Edhi recounted a time when he was accosted by bandits on his way to Quetta. They recognized him for who he was, safely escorted him to his destination and on his arrival, presented him with two crore rupees. Other hardened criminals have been known to put down their guns in the middle of street battles when the Edhi ambulance arrived on the scene. Beggars who spend their days collecting ten rupees at a time have dropped five hundred rupee notes into Edhi collection boxes. What is it about his personality that makes us want to keep on giving? “You call these people bandits, dacoits, thieves. But think about the society that has produced a system where some remain wealthy forever while others have to shoot for bread and then tell me who is wrong. If you’re letting this happen, tell me who the thief is.”
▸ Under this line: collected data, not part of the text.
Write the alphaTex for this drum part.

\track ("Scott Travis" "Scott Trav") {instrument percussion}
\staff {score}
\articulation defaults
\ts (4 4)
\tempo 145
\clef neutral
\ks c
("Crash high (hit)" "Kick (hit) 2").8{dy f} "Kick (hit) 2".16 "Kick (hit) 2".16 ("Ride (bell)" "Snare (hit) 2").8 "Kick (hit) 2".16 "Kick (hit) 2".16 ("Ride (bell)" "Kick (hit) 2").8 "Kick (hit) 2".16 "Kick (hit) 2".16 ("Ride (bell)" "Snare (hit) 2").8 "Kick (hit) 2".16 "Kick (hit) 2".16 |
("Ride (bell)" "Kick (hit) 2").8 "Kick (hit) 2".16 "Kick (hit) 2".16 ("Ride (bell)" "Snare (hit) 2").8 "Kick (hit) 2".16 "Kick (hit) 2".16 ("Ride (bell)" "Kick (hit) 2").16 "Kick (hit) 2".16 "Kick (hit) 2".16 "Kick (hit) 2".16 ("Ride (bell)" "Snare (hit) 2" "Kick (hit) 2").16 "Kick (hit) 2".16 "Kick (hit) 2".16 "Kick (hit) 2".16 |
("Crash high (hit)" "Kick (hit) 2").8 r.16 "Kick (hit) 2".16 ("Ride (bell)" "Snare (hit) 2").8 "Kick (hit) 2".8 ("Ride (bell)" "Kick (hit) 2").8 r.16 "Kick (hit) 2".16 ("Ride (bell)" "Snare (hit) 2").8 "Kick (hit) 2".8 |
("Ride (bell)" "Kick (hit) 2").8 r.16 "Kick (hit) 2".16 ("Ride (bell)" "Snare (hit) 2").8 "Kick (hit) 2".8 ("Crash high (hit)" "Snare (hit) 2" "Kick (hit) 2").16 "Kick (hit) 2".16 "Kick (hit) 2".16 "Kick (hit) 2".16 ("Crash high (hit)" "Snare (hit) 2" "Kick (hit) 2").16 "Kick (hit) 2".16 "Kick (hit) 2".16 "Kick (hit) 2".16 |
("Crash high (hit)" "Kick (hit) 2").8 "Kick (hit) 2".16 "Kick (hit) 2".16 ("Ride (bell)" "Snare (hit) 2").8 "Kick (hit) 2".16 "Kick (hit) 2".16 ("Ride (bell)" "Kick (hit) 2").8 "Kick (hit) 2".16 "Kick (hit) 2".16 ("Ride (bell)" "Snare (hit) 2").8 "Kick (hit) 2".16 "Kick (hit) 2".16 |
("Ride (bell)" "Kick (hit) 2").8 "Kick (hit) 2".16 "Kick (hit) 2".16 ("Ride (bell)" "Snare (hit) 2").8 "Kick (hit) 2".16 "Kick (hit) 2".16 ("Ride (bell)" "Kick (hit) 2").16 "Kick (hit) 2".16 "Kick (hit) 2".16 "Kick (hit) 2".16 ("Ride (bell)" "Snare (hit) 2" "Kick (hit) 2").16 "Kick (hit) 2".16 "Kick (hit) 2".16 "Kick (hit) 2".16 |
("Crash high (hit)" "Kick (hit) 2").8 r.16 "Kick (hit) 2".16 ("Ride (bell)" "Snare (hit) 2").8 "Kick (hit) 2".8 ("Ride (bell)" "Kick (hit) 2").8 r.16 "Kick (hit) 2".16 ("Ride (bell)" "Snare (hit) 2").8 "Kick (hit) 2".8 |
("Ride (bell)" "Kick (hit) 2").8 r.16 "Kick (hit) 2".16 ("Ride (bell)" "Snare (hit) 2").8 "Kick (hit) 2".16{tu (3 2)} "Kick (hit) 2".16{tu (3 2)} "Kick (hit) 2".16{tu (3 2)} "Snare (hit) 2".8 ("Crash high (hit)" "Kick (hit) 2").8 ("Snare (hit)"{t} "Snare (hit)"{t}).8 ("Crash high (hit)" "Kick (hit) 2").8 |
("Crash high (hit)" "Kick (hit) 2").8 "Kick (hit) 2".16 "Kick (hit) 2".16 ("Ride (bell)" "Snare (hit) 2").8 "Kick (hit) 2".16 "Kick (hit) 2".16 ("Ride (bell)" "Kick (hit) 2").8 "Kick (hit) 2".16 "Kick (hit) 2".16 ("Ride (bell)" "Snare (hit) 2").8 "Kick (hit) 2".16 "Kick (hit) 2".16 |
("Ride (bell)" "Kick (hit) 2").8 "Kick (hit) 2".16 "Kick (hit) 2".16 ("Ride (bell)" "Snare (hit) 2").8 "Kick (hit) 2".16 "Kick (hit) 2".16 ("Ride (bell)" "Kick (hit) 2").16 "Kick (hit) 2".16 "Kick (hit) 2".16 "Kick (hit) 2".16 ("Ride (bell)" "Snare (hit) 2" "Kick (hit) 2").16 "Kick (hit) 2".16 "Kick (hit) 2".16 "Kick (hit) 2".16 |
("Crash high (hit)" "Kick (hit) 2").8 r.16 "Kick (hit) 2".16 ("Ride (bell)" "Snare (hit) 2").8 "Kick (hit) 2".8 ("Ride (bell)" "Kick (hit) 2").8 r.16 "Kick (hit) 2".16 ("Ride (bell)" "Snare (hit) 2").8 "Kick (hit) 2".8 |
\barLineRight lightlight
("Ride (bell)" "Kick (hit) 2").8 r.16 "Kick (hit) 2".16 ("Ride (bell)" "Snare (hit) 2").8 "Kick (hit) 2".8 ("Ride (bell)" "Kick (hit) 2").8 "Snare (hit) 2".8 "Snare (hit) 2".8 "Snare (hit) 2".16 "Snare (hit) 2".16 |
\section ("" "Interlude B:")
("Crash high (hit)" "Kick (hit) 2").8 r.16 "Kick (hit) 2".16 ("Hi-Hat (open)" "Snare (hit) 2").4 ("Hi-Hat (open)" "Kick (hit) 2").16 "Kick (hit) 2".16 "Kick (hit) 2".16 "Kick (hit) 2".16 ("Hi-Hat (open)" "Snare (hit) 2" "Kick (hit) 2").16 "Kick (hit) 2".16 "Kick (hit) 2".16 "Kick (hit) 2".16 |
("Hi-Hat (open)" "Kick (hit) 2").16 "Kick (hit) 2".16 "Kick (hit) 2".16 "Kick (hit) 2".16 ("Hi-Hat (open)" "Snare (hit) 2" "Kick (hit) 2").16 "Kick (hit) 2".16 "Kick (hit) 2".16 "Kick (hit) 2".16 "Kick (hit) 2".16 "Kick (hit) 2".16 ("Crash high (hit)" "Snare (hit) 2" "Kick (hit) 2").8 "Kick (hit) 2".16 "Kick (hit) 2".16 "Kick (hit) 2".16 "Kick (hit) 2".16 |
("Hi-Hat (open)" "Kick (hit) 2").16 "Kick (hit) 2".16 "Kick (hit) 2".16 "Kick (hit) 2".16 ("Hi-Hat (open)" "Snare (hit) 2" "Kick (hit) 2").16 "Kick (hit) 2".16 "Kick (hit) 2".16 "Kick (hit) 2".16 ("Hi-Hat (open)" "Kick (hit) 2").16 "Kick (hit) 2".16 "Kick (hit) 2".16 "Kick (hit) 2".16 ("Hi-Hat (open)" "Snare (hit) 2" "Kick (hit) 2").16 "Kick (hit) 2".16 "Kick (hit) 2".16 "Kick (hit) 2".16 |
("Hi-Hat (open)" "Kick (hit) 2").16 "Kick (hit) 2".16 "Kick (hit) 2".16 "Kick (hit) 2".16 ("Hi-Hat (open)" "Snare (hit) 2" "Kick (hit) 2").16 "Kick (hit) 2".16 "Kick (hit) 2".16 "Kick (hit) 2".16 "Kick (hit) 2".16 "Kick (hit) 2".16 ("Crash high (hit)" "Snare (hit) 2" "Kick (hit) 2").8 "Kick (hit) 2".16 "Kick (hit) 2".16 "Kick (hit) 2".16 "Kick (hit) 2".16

I suppose that’s the answer to my question. Here is a man who will give us everything-who has already given us everything-simply because we are all human, whether we are criminals of one kind or another. It would be a challenge to find a single person in Pakistan who hasn’t been connected with the Edhi Foundation in some way. Everybody knows someone who has donated their money, called an ambulance, adopted a baby or had their Eid meat distributed by Edhi. There is a reason his number is pre-saved in the most basic models of cell phones under “Emergency contacts.” The truth is that the only emergency threatening to destroy us is that we can’t distinguish this common thread of humanity-and need-that runs in all of us. We all give to and take from the Edhi Foundation. We all need his services and yet our principal activity is pointing fingers at who landed us in this mess. Divisions, divisions, divisions.